Trolltastic a bit? I'll explain a bit, what the hell.

lol Serbian duchy, Im serious, it was a Kingdom that had its own written language (different from Serb Cyrillic), the Principality of Serbia, Kingdom of Serbia and the Empire of Serbia didn't control it at one point (just look at wiki maps, you'll notice the lack of Bosnia)
Spoiler :
250px-Balkans_1265.jpg
250px-Servia1350AD.png
250px-Serbia_1183-1196.png
Its more of a Hungarian duchy because it was under Hungary for a certain period of time.And it would be more likely that Serbia was a Bosnian duchy, because during Tvrtko I, Bosnia did control most of Serbia. I dont want to get into a flame war over the internet, but I do ask for some acknowledgment and respect for a "country" that has its own religious, national and cultural heritage. Linking Bosnia as Serbian in Medieval times is completely wrong and historians do agree that Bosnia was its own nation, not a duchy or vassal of another.
 
lol @ trying to map medieval principalities to modern states.
 
I do ask for some acknowledgment and respect for a "country" that has its own religious, national and cultural heritage. Linking Bosnia as Serbian in Medieval times is completely wrong and historians do agree that Bosnia was its own nation, not a duchy or vassal of another.
It's this sentiment that makes endeavors like that totally futile. There's always going to be someone who is offended by the exclusion of his object of identification from a "comprehensive" list of world civilizations, no matter how you slice the word civilization.

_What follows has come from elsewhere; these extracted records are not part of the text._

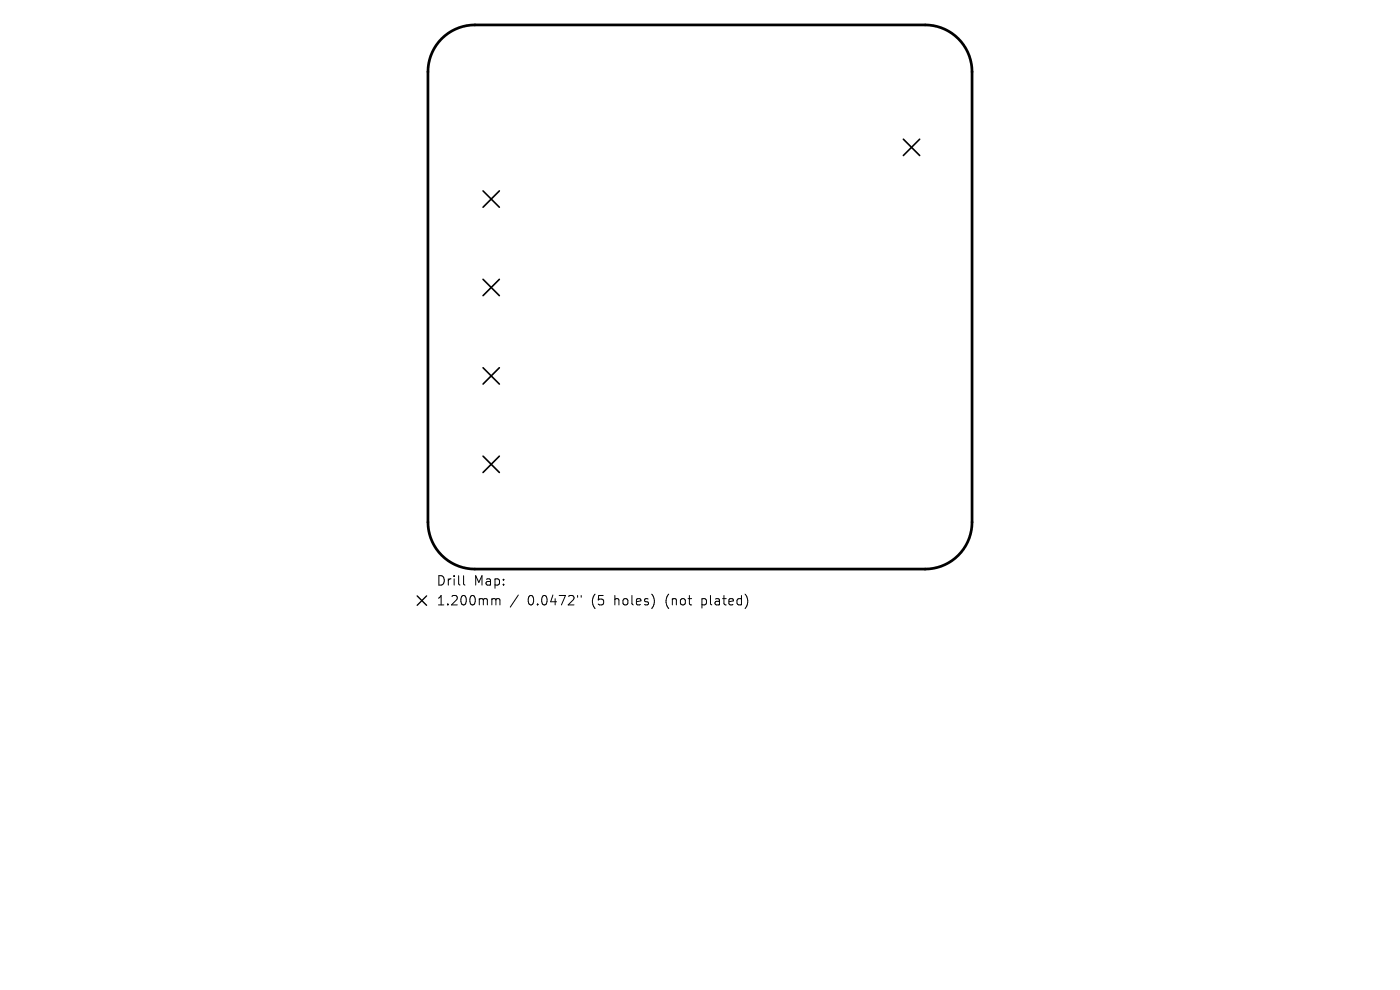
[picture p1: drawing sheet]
<svg xmlns="http://www.w3.org/2000/svg" width="297mm" height="210mm" viewBox="0 0 297 210" stroke-linecap="round" stroke-linejoin="round" font-family="sans-serif">
<defs><g id="words">
<g font-size="2.8">
<text x="92.5" y="124.5">Drill</text>
<text x="100.5" y="124.5">Map:</text>
<text x="92.5" y="128.7">1.200mm</text>
<text x="111.9" y="128.7">0.0472&quot;</text>
<text x="125.7" y="128.7">(5</text>
<text x="130.6" y="128.7">holes)</text>
<text x="141.7" y="128.7">(not</text>
<text x="149.5" y="128.7">plated)</text>
</g>
</g></defs>
<path d="M93.7 8.2a10 10 0 0 1 7-2.9h95.6a10 10 0 0 1 9.9 9.9v95.6a10 10 0 0 1-9.9 9.9h-95.6a10 10 0 0 1-9.9-9.9v-95.6a10 10 0 0 1 2.9-7z" fill="none" stroke="#000" stroke-width=".58"/>
<path d="M191.6 29.5l3.5 3.5M195.1 29.5l-3.5 3.5M102.5 40.5l3.4 3.5M102.5 59.3l3.4 3.4M105.9 40.5l-3.4 3.5M105.9 59.3l-3.4 3.4M102.5 78l3.4 3.5M105.9 78l-3.4 3.5M102.5 96.8l3.4 3.4M105.9 96.8l-3.4 3.4" fill="none" stroke="#000" stroke-width=".35"/>
<path d="M98.3 122.1v1.7l.3 .3M104.6 127l.5 .1 .1 .2M105.2 127.3l.3-.3 .5 .1 .1 1.2M105.2 127.3v1M110 126.2l-1.8 2.6M122.5 126.3v.4M123.3 126.3v.4" fill="none" stroke="#000" stroke-width=".21"/>
<path d="M88.5 126.4l2 2M90.5 126.4l-2 2" fill="none" stroke="#000" stroke-width=".29"/>
<use href="#words"/>
</svg>

But I'm sure a five minute read in this subforum would've already told you that nobody was their own nation in medieval Europe.
 
An extremely liberal reading of the Declaration of Arbroath could produce the claim there existed the concept of a self-governing Scottish nation, but that tends to fall apart when you remember that this was around about the same time that the Bruce was claiming to be Emperor of Ireland. Such is the result of trying to impose modern categories onto Medieval realities.
 
An extremely liberal reading of the Declaration of Arbroath could produce the claim there existed the concept of a self-governing Scottish nation, but that tends to fall apart when you remember that this was around about the same time that the Bruce was claiming to be Emperor of Ireland. Such is the result of trying to impose modern categories onto Medieval realities.

Even then, that's not really nationalism because the nation did not exist above and beyond its leader. A nation requires that abstract concept of 'Scotland' to which its people are loyal, rather than the more concrete idea of 'King Robert'.
 
Well, the thing about the Declaration of Arbroath is that it's structured as an appeal to the sovereignty not of the Scottish monarch, but of Scotland itself, and toys with a sort of popular monarchy in which the legitimacy of the monarch derives not just from God but from the support of his subjects. (Partly drawing on the less personal notion of kingship found in Gaelic tanistry, partly a concession to a nobility, and partly an opportunistic way of the Bruce avoiding the issue of his weak claim to the throne.) A lot of Scottish nationalists like to see this as a "Scottish declaration of independence" and an affirmation of Scottish nationhood, but in context it's really more about Scotland as a kingdom, Rìoghachd na h-Alba, rather than any sort of collective national identity, which very simply did not exist. My point was the political practice of those making the claim was inconsistent with what the nationalist interpretation suggests it should have been, with the Bruce appealing to a whole different set of identities to justify his exploits in Ireland, which is a pattern you find pretty much anywhere you attempt to apply modern categories anachronistically.
 
Oh good, FlyingPig is here.

Is Imperator Scottorum Emperor of Ireland or Emperor of the Irish?
 
I think it's strictly "Emperor of the Irish", I just took the liberty of mangling it a little to stress my point.